[EXERCISE INPUTS Boundary: Start]
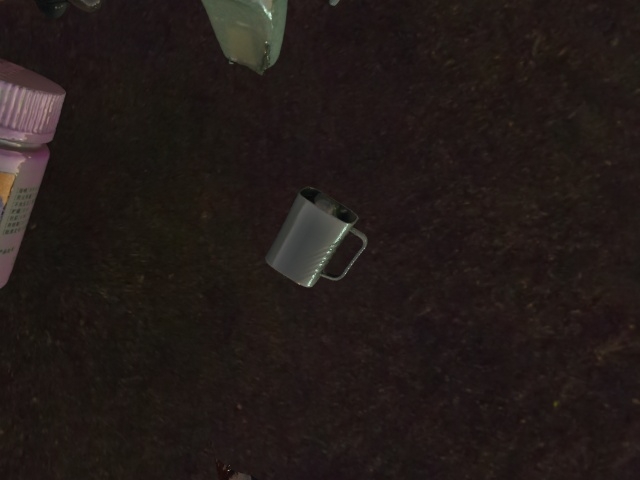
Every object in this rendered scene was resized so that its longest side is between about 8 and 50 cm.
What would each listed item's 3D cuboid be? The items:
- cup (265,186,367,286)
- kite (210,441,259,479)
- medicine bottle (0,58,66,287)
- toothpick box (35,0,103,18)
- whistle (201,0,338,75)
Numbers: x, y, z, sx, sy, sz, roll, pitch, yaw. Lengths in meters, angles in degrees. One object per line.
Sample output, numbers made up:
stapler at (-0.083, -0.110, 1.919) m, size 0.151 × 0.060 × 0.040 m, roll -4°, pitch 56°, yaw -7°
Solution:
cup at (0.000, 0.000, 1.052) m, size 0.128 × 0.095 × 0.130 m, roll 32°, pitch 108°, yaw 4°
kite at (0.021, 0.161, 0.330) m, size 0.016 × 0.127 × 0.229 m, roll -37°, pitch 124°, yaw 19°
medicine bottle at (-0.459, -0.090, 0.896) m, size 0.178 × 0.178 × 0.291 m, roll 19°, pitch 105°, yaw -23°
toothpick box at (-0.371, -0.424, 0.840) m, size 0.316 × 0.229 × 0.229 m, roll 40°, pitch 74°, yaw 1°
whistle at (-0.061, -0.248, 0.494) m, size 0.180 × 0.269 × 0.093 m, roll 17°, pitch 50°, yaw 17°
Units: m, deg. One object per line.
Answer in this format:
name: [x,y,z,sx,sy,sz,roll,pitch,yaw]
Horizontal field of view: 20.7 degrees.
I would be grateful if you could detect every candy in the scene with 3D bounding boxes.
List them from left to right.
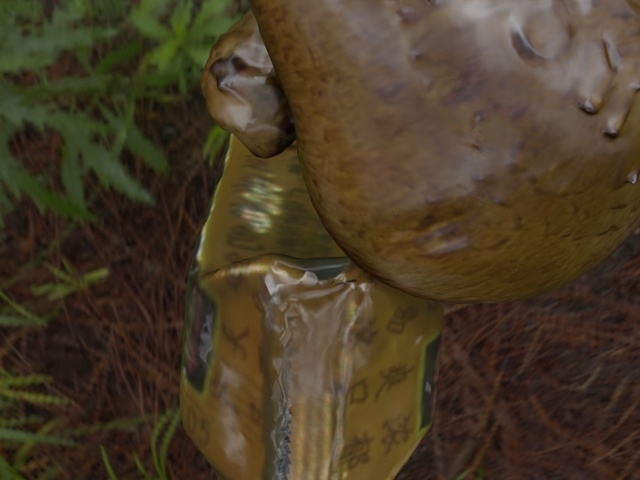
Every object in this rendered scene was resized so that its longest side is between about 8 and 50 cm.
candy: [0.000,0.000,0.750,0.101,0.271,0.143,5,118,0]

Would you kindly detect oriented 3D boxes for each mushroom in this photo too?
mushroom: [0.056,-0.097,0.560,0.194,0.138,0.231,-33,105,-21]
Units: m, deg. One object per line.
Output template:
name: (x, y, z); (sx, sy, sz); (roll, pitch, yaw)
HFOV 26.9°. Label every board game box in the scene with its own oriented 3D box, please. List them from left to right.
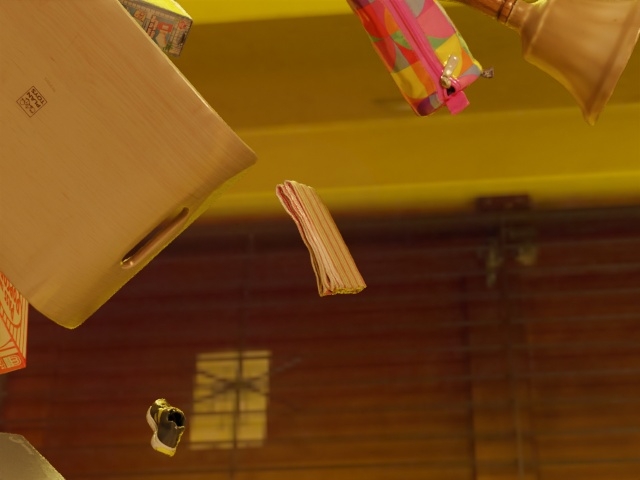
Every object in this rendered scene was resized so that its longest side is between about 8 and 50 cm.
board game box: (-0.411, 0.050, 1.675); (0.193, 0.045, 0.147); (-103, -3, -52)
board game box: (-0.295, -0.324, 1.780); (0.194, 0.194, 0.060); (48, 120, 50)

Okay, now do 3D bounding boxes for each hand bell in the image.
hand bell: (0.155, -0.206, 1.178); (0.126, 0.242, 0.126); (24, -90, -86)

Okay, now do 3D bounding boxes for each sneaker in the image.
sneaker: (-0.141, 0.170, 1.263); (0.035, 0.031, 0.083); (-54, 24, 13)

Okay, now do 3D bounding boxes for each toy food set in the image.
toy food set: (-0.232, -0.111, 1.138); (0.306, 0.220, 0.092); (48, -176, 7)

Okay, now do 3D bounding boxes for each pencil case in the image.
pencil case: (0.090, -0.249, 1.485); (0.236, 0.104, 0.104); (54, -166, -12)

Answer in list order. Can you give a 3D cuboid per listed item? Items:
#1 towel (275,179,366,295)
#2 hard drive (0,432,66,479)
towel: (0.000, 0.000, 1.611); (0.144, 0.029, 0.197); (64, -171, 6)
hard drive: (-0.223, 0.135, 0.797); (0.094, 0.135, 0.022); (27, 99, 51)
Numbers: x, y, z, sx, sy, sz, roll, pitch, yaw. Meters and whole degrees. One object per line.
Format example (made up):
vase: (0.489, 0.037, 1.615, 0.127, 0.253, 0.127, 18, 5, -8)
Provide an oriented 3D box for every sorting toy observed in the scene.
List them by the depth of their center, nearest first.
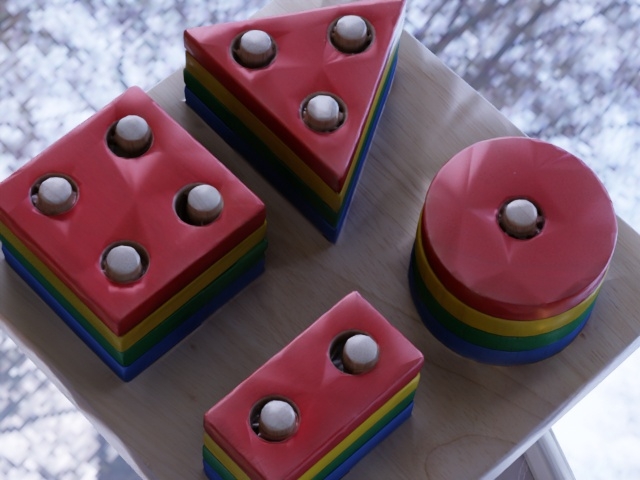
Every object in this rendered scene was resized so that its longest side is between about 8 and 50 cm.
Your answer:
sorting toy: (0.000, 0.000, 0.836, 0.257, 0.255, 0.089, 43, -23, 19)

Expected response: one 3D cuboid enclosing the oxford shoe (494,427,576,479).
oxford shoe: (0.084, 0.125, 1.233, 0.449, 0.130, 0.169, 61, -4, -28)
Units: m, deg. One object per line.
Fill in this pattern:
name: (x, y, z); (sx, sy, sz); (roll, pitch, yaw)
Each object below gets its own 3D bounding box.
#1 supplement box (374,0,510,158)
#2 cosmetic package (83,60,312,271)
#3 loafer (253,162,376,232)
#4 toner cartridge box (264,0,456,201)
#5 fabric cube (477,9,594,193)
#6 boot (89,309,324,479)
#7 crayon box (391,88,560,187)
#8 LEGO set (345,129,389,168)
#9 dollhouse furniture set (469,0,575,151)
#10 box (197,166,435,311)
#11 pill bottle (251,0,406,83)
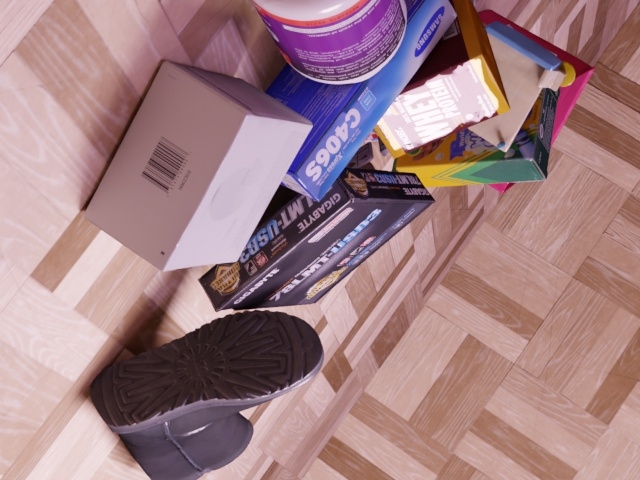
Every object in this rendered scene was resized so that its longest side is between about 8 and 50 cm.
supplement box: (0.160, -0.263, 1.822); (0.194, 0.191, 0.129); (-22, 138, 16)
cosmetic package: (-0.151, -0.093, 1.540); (0.224, 0.138, 0.225); (-60, 163, 12)
loafer: (-0.011, -0.061, 2.025); (0.366, 0.130, 0.133); (-41, 158, -41)
toner cartridge box: (0.030, -0.232, 1.735); (0.347, 0.165, 0.075); (-53, 135, -10)
fabric cube: (0.357, -0.288, 2.441); (0.254, 0.258, 0.259); (-31, 150, -58)
boot: (-0.161, 0.285, 2.013); (0.367, 0.146, 0.445); (-13, 153, -1)
crayon box: (0.271, -0.206, 2.246); (0.083, 0.323, 0.203); (46, 50, -48)
LEGO set: (0.123, -0.184, 1.979); (0.182, 0.060, 0.244); (-31, -158, 12)
dollhouse furniture set: (0.289, -0.277, 2.175); (0.198, 0.303, 0.286); (-32, 151, -54)
box: (0.000, 0.000, 1.880); (0.295, 0.073, 0.293); (-40, 163, 23)
pill bottle: (0.011, -0.311, 1.514); (0.181, 0.182, 0.323); (-55, 164, -5)
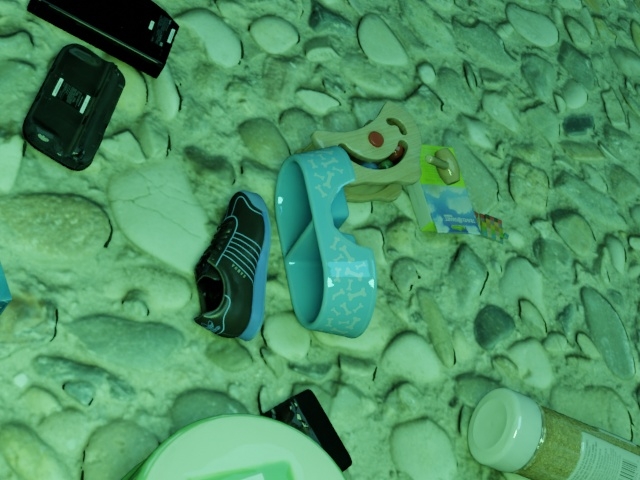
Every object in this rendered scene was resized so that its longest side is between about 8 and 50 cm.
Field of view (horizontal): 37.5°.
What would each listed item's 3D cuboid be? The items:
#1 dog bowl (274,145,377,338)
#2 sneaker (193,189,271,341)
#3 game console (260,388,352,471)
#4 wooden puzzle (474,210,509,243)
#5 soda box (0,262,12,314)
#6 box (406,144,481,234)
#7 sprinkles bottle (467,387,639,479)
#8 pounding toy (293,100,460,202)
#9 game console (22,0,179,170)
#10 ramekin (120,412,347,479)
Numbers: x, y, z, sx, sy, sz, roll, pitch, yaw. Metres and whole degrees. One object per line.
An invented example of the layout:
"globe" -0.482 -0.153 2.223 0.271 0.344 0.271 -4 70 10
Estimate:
"dog bowl" 0.000 0.000 1.376 0.074 0.166 0.297 -1 63 -24
"sneaker" -0.127 0.024 1.316 0.090 0.081 0.232 20 54 -34
"game console" -0.025 0.277 1.282 0.107 0.071 0.122 -29 80 -13
"wooden puzzle" 0.311 -0.023 1.714 0.083 0.006 0.049 18 54 -27
"soda box" -0.437 -0.005 1.118 0.071 0.067 0.210 -9 69 -40
"box" 0.207 -0.083 1.651 0.109 0.042 0.178 2 62 -34
"sprinkles bottle" 0.402 0.343 1.476 0.355 0.121 0.121 25 51 -22
"pounding toy" 0.106 -0.161 1.537 0.269 0.155 0.154 -4 68 -31
"game console" -0.341 -0.259 1.364 0.213 0.044 0.361 27 50 -18
"ramekin" -0.097 0.344 1.057 0.303 0.148 0.304 13 52 -17
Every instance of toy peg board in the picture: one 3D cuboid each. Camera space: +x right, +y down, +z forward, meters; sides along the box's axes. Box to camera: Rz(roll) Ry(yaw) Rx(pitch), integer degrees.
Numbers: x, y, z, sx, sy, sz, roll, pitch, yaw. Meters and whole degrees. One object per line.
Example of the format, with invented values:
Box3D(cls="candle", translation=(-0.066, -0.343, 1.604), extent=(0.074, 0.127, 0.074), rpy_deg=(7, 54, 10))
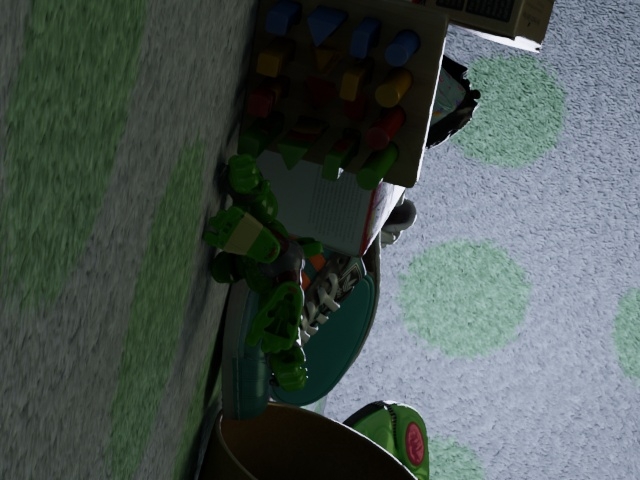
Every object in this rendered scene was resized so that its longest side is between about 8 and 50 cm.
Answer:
Box3D(cls="toy peg board", translation=(0.010, -0.125, 1.558), extent=(0.079, 0.161, 0.161), rpy_deg=(-55, 158, -60))

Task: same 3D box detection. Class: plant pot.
Box3D(cls="plant pot", translation=(-0.046, 0.329, 1.855), extent=(0.254, 0.237, 0.237), rpy_deg=(-64, 179, 16))

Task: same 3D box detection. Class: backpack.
Box3D(cls="backpack", translation=(0.094, -0.195, 2.327), extent=(0.152, 0.182, 0.115), rpy_deg=(-34, -162, 20))

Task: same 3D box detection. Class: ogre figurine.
Box3D(cls="ogre figurine", translation=(-0.045, 0.022, 1.593), extent=(0.197, 0.097, 0.118), rpy_deg=(57, 5, -6))

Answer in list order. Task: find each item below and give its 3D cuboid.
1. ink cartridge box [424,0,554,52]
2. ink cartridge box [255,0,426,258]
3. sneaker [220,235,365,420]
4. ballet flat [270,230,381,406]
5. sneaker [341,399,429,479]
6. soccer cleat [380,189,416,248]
Box3D(cls="ink cartridge box", translation=(0.171, -0.276, 1.663), extent=(0.234, 0.088, 0.193), rpy_deg=(-14, 119, -78))
Box3D(cls="ink cartridge box", translation=(0.045, -0.190, 1.743), extent=(0.272, 0.130, 0.309), rpy_deg=(-57, 161, -56))
Box3D(cls="sneaker", translation=(-0.020, 0.044, 1.851), extent=(0.108, 0.121, 0.302), rpy_deg=(92, 11, -65))
Box3D(cls="ballet flat", translation=(0.000, 0.000, 2.082), extent=(0.139, 0.139, 0.400), rpy_deg=(-71, 172, -56))
Box3D(cls="sneaker", translation=(-0.014, 0.372, 2.459), extent=(0.483, 0.185, 0.202), rpy_deg=(-61, -142, 34))
Box3D(cls="soccer cleat", translation=(0.052, -0.017, 2.473), extent=(0.331, 0.143, 0.116), rpy_deg=(91, 12, -70))
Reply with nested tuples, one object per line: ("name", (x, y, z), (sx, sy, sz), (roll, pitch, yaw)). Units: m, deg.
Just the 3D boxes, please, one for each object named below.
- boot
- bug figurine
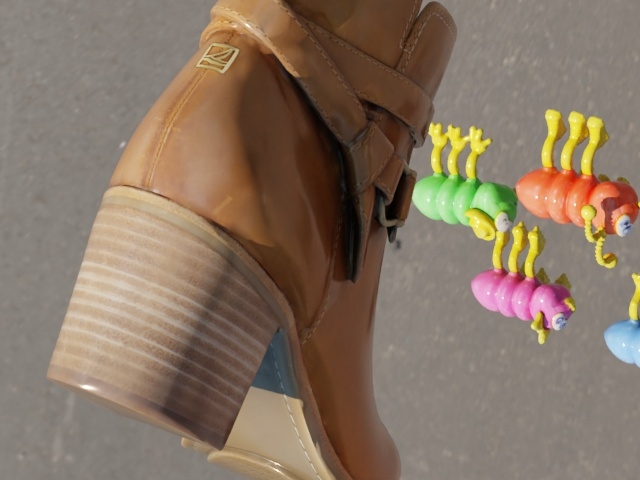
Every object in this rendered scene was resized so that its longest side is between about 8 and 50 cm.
("boot", (0.000, 0.000, 0.638), (0.109, 0.220, 0.283), (15, 165, 34))
("bug figurine", (0.178, 0.016, 1.022), (0.216, 0.072, 0.279), (15, 154, 42))
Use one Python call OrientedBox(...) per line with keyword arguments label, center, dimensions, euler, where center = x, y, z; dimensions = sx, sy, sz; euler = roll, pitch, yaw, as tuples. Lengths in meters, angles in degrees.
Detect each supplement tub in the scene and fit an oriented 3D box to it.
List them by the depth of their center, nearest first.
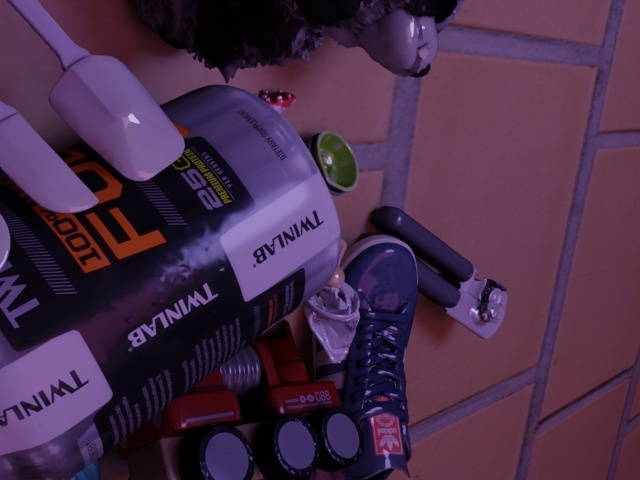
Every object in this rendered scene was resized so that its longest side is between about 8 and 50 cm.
OrientedBox(label="supplement tub", center=(-0.154, 0.032, 0.488), dimensions=(0.316, 0.193, 0.194), euler=(-36, 128, -31))

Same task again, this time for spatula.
OrientedBox(label="spatula", center=(-0.214, -0.104, 0.403), dimensions=(0.168, 0.019, 0.242), euler=(-41, 89, -26))

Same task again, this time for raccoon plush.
OrientedBox(label="raccoon plush", center=(0.001, -0.329, 0.509), dimensions=(0.299, 0.216, 0.447), euler=(-38, 129, -39))

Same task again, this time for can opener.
OrientedBox(label="can opener", center=(0.150, 0.047, 0.888), dimensions=(0.280, 0.093, 0.074), euler=(34, 79, -38))

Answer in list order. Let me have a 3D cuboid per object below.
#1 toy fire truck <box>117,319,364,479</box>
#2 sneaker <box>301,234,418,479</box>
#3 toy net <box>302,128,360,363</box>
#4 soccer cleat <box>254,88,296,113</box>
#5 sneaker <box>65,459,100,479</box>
OrientedBox(label="toy fire truck", center=(-0.078, 0.112, 0.656), dimensions=(0.217, 0.158, 0.247), euler=(5, 59, -46))
OrientedBox(label="sneaker", center=(0.056, 0.173, 0.758), dimensions=(0.131, 0.148, 0.350), euler=(6, 103, -24))
OrientedBox(label="toy net", center=(0.000, 0.000, 0.664), dimensions=(0.122, 0.045, 0.232), euler=(10, 65, -52))
OrientedBox(label="soccer cleat", center=(-0.058, -0.117, 0.648), dimensions=(0.083, 0.029, 0.036), euler=(-30, 133, -30))
OrientedBox(label="sneaker", center=(-0.229, 0.295, 0.577), dimensions=(0.107, 0.110, 0.276), euler=(4, 102, -46))
[EXERCISE INPUTS Boundary: End]
EXERCISE BRIEF:
Range to copy from the listing above: the line with "Fill in this" through the line with "#3 game console (260,388,352,471)". Transcribe it exactly and skip the pictures.

REPLY TO THE TASK:
Fill in this pattern:
name: (x, y, z); (sx, sy, sz); (roll, pitch, yaw)
Each object below gets its own 3D bounding box.
#1 supplement box (374,0,510,158)
#2 cosmetic package (83,60,312,271)
#3 loafer (253,162,376,232)
#4 toner cartridge box (264,0,456,201)
#5 fabric cube (477,9,594,193)
#6 boot (89,309,324,479)
#7 crayon box (391,88,560,187)
#8 LEGO set (345,129,389,168)
#9 dollhouse furniture set (469,0,575,151)
#10 box (197,166,435,311)
#11 pill bottle (251,0,406,83)
Every object in this rendered scene was resized so that its longest side is between about 8 and 50 cm.
supplement box: (0.160, -0.263, 1.822); (0.194, 0.191, 0.129); (-22, 138, 16)
cosmetic package: (-0.151, -0.093, 1.540); (0.224, 0.138, 0.225); (-60, 163, 12)
loafer: (-0.011, -0.061, 2.025); (0.366, 0.130, 0.133); (-41, 158, -41)
toner cartridge box: (0.030, -0.232, 1.735); (0.347, 0.165, 0.075); (-53, 135, -10)
fabric cube: (0.357, -0.288, 2.441); (0.254, 0.258, 0.259); (-31, 150, -58)
boot: (-0.161, 0.285, 2.013); (0.367, 0.146, 0.445); (-13, 153, -1)
crayon box: (0.271, -0.206, 2.246); (0.083, 0.323, 0.203); (46, 50, -48)
LEGO set: (0.123, -0.184, 1.979); (0.182, 0.060, 0.244); (-31, -158, 12)
dollhouse furniture set: (0.289, -0.277, 2.175); (0.198, 0.303, 0.286); (-32, 151, -54)
box: (0.000, 0.000, 1.880); (0.295, 0.073, 0.293); (-40, 163, 23)
pill bottle: (0.011, -0.311, 1.514); (0.181, 0.182, 0.323); (-55, 164, -5)
Every object in this rendered scene was resized so that its longest side is between about 8 and 50 cm.
Field of view (horizontal): 37.5°.
What would each listed item's 3D cuboid be? The items:
#1 dog bowl (274,145,377,338)
#2 sneaker (193,189,271,341)
#3 game console (260,388,352,471)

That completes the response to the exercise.